### Data excerpts ###

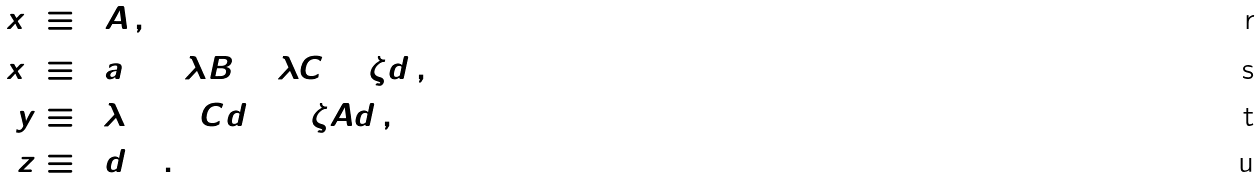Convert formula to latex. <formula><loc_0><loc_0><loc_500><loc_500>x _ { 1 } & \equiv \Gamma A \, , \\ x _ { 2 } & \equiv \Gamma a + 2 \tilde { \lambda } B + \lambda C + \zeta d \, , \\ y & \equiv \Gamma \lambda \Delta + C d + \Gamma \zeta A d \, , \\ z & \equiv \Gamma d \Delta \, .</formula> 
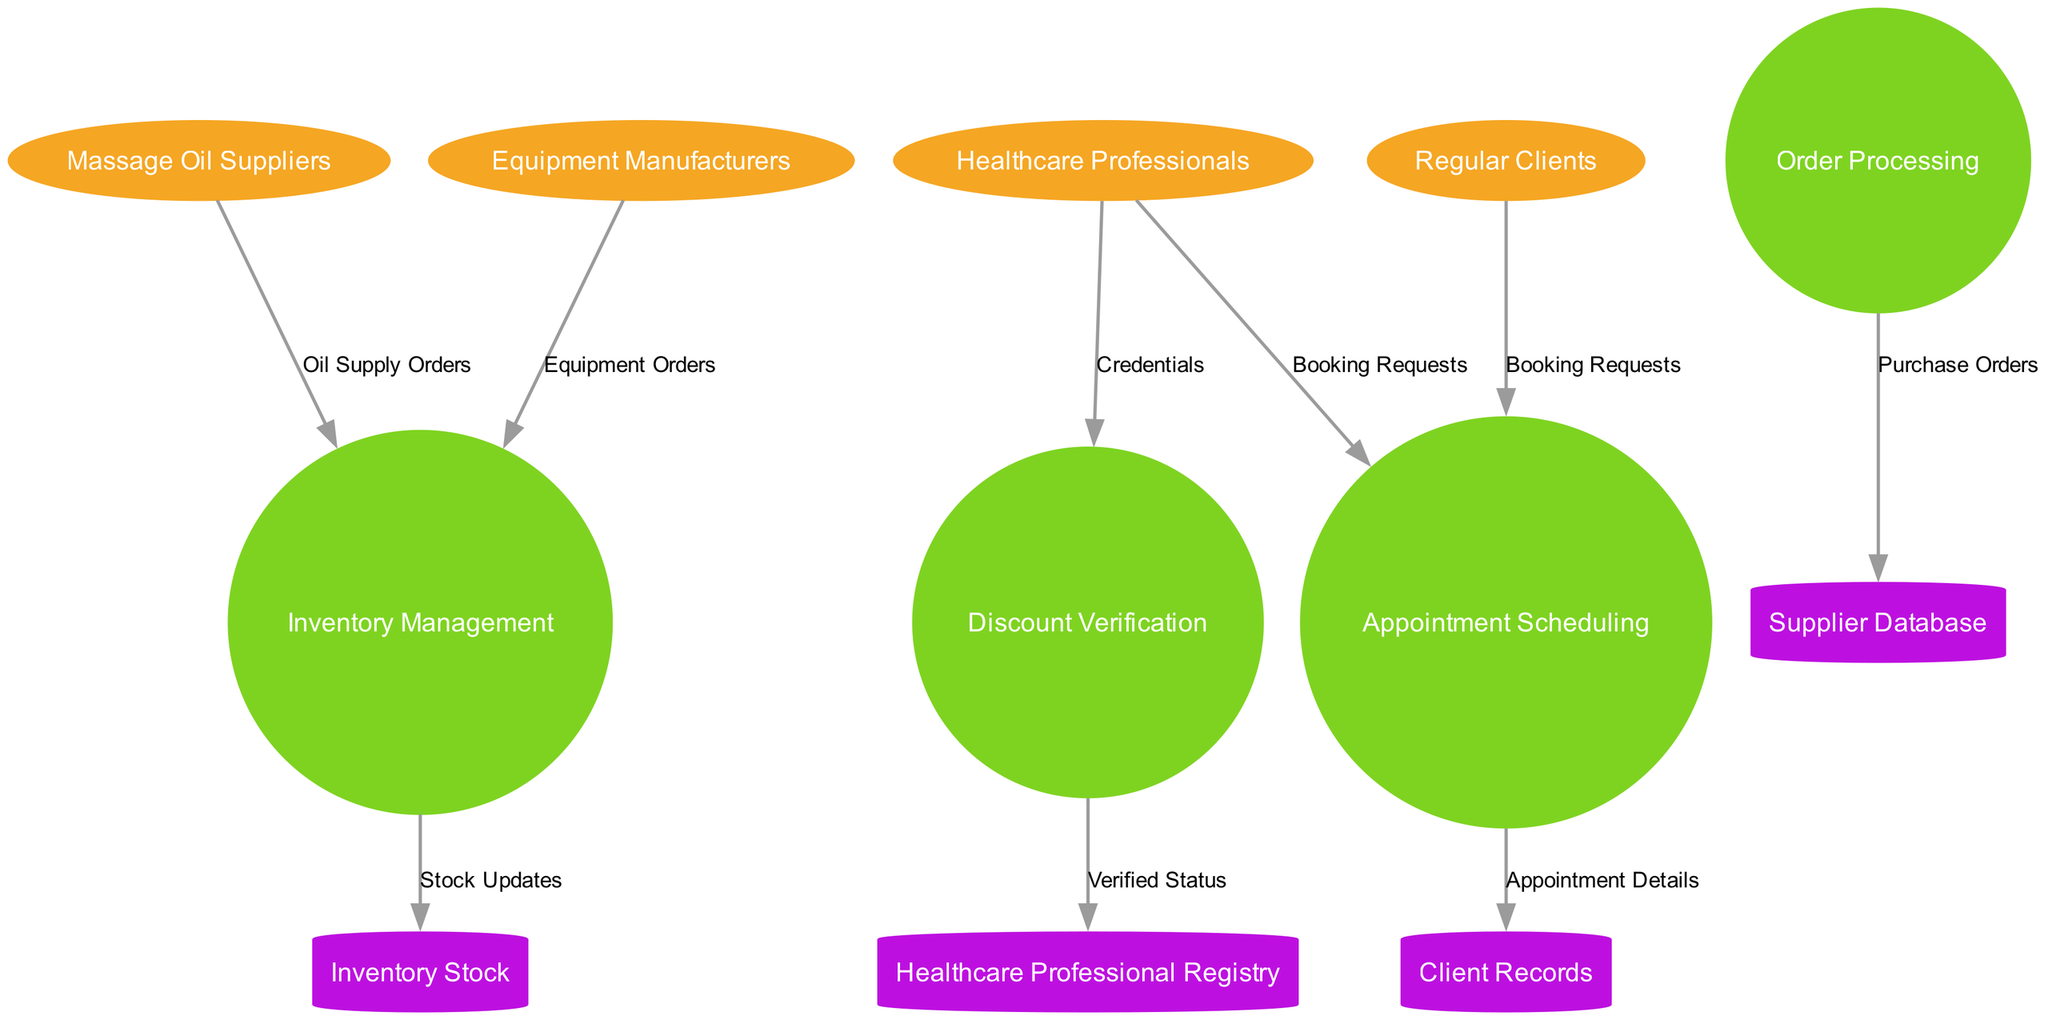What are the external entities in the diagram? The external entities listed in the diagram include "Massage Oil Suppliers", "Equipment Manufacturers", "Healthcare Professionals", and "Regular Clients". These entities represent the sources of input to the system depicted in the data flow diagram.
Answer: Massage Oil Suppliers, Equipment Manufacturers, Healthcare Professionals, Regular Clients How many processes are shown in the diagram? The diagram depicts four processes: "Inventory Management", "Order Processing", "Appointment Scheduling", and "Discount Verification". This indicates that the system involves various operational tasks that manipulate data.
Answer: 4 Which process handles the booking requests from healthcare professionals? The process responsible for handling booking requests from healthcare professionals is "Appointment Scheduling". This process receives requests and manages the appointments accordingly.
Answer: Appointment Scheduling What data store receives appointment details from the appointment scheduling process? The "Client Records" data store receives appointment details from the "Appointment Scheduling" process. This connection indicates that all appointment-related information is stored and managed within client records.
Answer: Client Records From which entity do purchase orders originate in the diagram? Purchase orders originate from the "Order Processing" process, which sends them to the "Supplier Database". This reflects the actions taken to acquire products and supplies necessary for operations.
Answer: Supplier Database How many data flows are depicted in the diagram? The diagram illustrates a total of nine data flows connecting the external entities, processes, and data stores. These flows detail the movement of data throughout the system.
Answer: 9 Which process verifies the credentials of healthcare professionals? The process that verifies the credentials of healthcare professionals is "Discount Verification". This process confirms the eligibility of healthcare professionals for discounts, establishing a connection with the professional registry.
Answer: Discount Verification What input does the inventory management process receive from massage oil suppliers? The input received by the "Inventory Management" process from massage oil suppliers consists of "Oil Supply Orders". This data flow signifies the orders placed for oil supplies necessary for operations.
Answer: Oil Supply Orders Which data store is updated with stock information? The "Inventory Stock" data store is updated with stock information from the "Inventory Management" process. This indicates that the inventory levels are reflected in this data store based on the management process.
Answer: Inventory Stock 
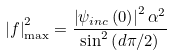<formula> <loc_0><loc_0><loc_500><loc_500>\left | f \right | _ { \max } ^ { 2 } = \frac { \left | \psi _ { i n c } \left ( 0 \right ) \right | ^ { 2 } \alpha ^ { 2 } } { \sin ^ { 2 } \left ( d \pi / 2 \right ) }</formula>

###
### Data excerpts ###

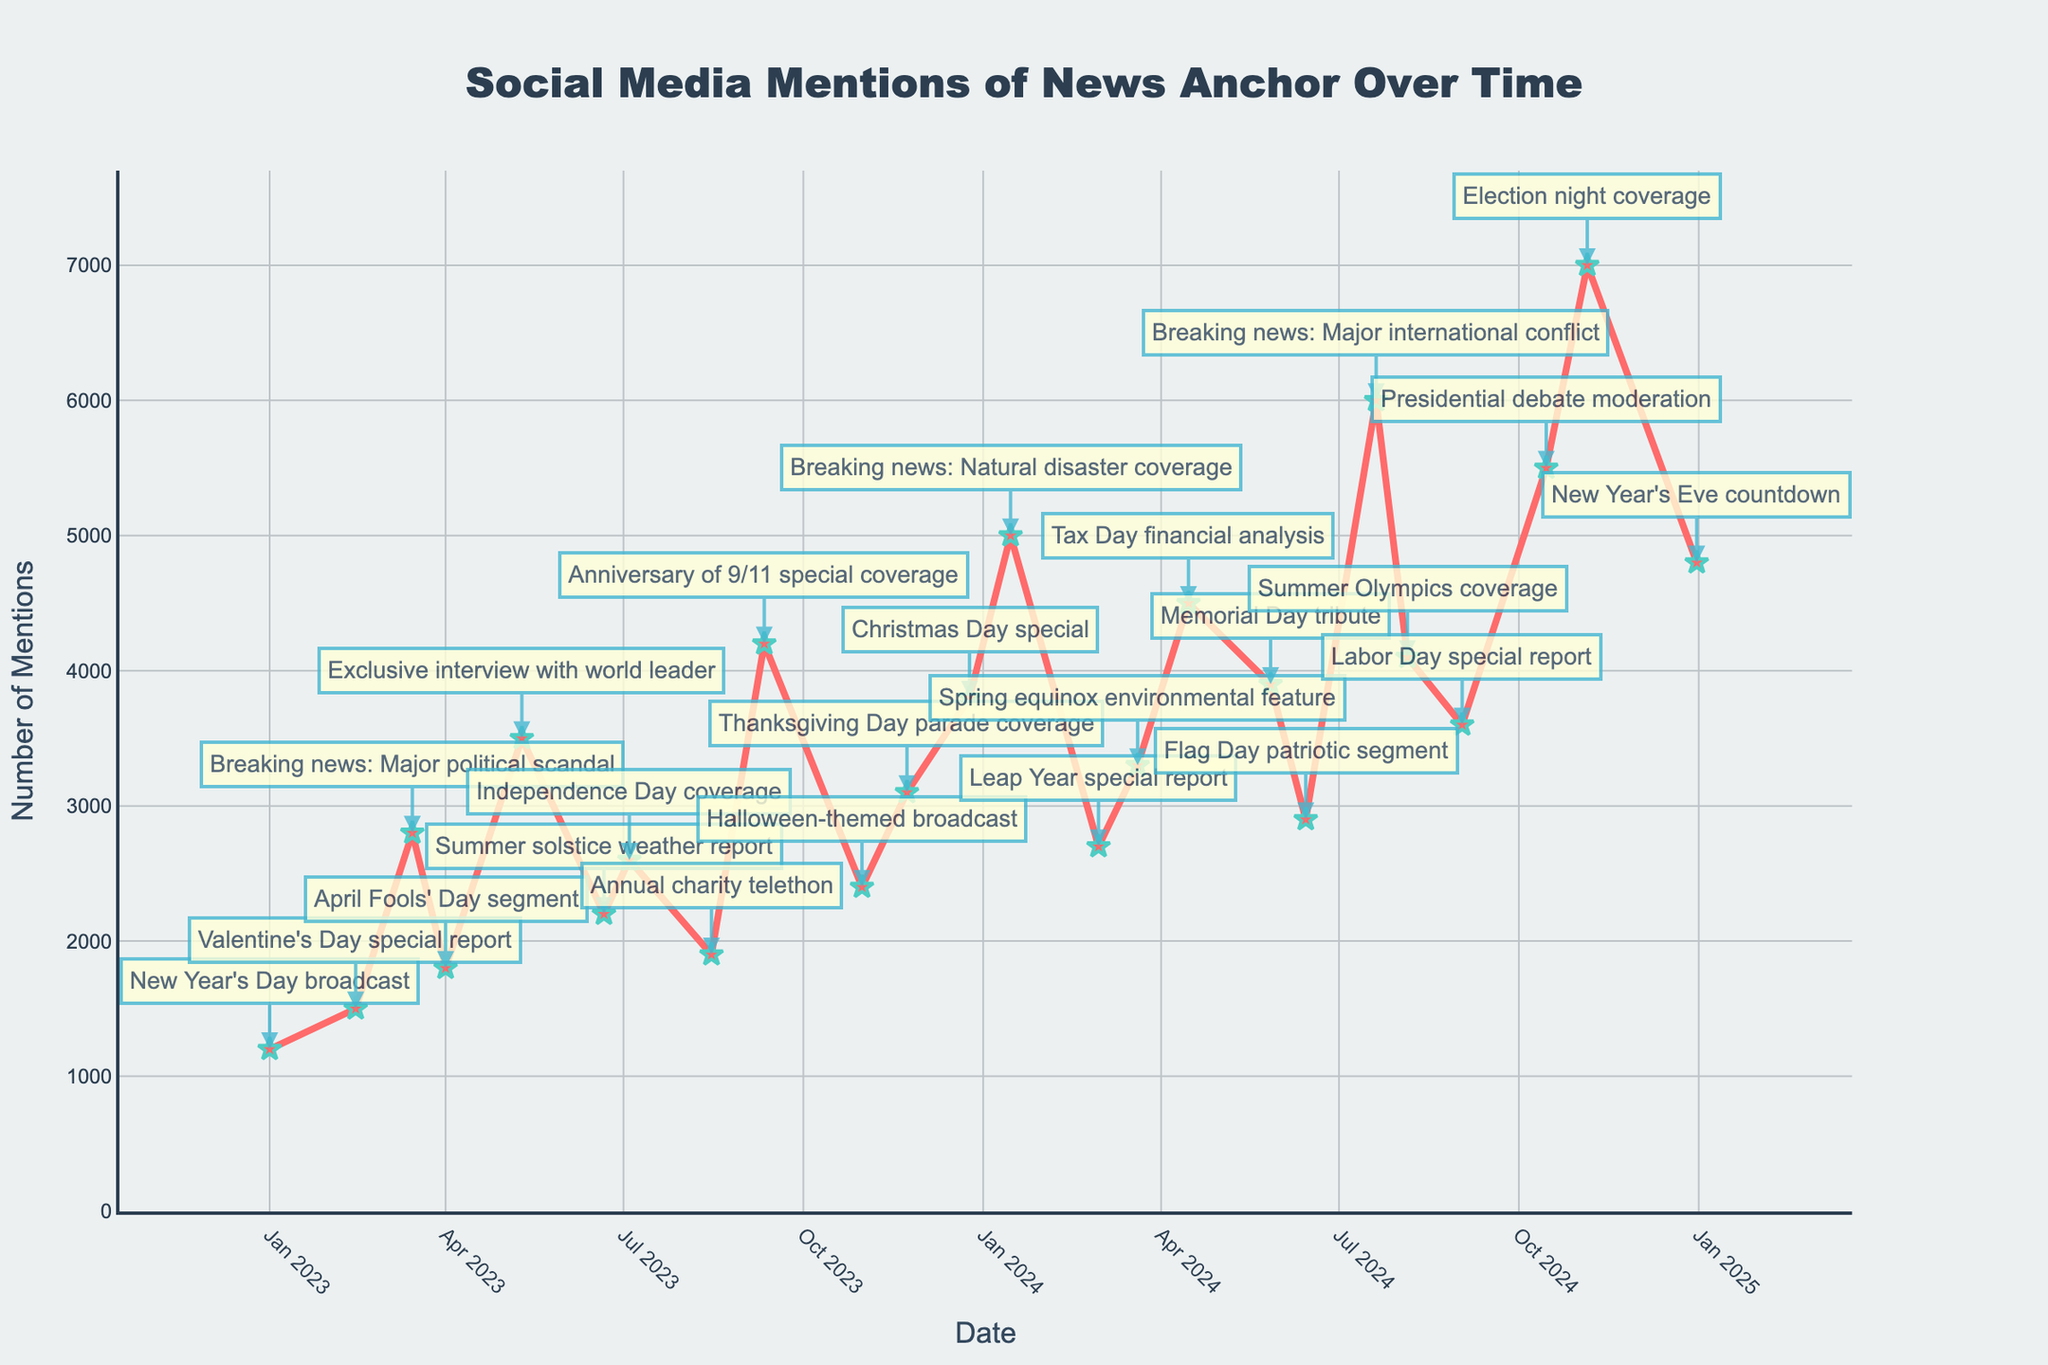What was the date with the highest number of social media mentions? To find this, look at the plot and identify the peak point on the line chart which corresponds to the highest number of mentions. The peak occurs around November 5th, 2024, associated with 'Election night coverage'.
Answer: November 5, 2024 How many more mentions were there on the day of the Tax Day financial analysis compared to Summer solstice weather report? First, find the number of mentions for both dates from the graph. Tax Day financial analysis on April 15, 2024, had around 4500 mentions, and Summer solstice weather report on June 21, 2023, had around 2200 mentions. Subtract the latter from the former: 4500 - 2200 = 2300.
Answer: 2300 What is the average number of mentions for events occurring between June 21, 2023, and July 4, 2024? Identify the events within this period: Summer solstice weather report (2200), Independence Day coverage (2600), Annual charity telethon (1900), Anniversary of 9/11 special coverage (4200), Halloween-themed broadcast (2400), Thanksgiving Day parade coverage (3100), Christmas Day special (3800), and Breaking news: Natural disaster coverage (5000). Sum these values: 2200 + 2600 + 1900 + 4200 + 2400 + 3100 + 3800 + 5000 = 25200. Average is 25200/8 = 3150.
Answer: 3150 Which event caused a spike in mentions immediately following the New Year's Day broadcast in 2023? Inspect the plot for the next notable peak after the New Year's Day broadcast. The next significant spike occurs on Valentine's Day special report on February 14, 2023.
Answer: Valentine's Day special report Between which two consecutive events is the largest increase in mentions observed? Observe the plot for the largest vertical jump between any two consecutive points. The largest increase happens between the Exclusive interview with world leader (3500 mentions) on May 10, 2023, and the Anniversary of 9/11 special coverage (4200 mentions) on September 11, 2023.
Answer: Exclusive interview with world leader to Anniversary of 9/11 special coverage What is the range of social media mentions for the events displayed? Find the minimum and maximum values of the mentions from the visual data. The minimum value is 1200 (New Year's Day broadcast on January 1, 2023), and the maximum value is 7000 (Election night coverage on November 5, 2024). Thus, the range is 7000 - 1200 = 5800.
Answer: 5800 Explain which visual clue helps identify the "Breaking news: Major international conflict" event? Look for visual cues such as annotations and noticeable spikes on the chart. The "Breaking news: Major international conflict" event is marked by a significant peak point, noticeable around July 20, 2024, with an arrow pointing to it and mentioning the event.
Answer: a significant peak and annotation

###
### Data excerpts ###

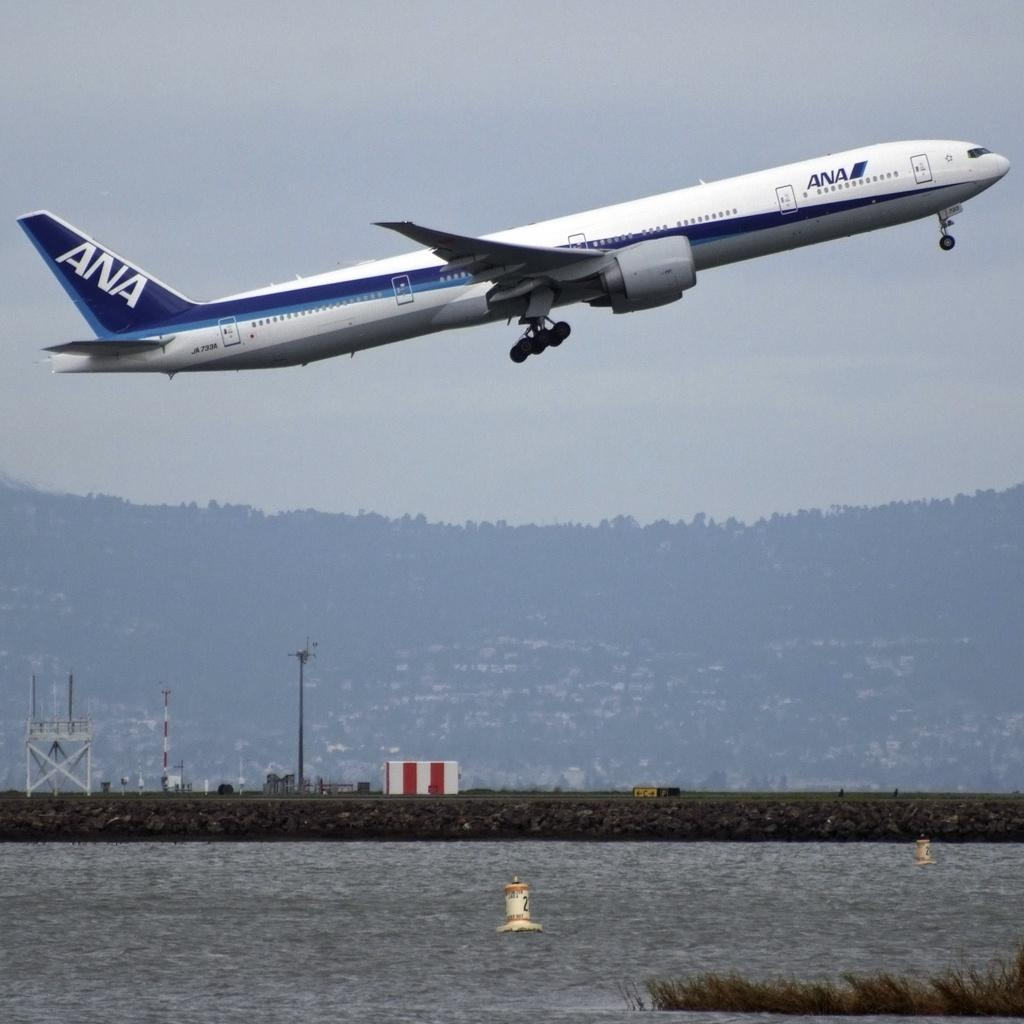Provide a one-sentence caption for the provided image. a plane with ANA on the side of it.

###

## What to produce
Find the line with "Answer: Appointment Scheduling" in the entries above. Retype it and each line after it, exactly, through the line with "Answer: Supplier Database", and stop there.

## Response to the task
Answer: Appointment Scheduling What data store receives appointment details from the appointment scheduling process? The "Client Records" data store receives appointment details from the "Appointment Scheduling" process. This connection indicates that all appointment-related information is stored and managed within client records.
Answer: Client Records From which entity do purchase orders originate in the diagram? Purchase orders originate from the "Order Processing" process, which sends them to the "Supplier Database". This reflects the actions taken to acquire products and supplies necessary for operations.
Answer: Supplier Database How many data flows are depicted in the diagram? The diagram illustrates a total of nine data flows connecting the external entities, processes, and data stores. These flows detail the movement of data throughout the system.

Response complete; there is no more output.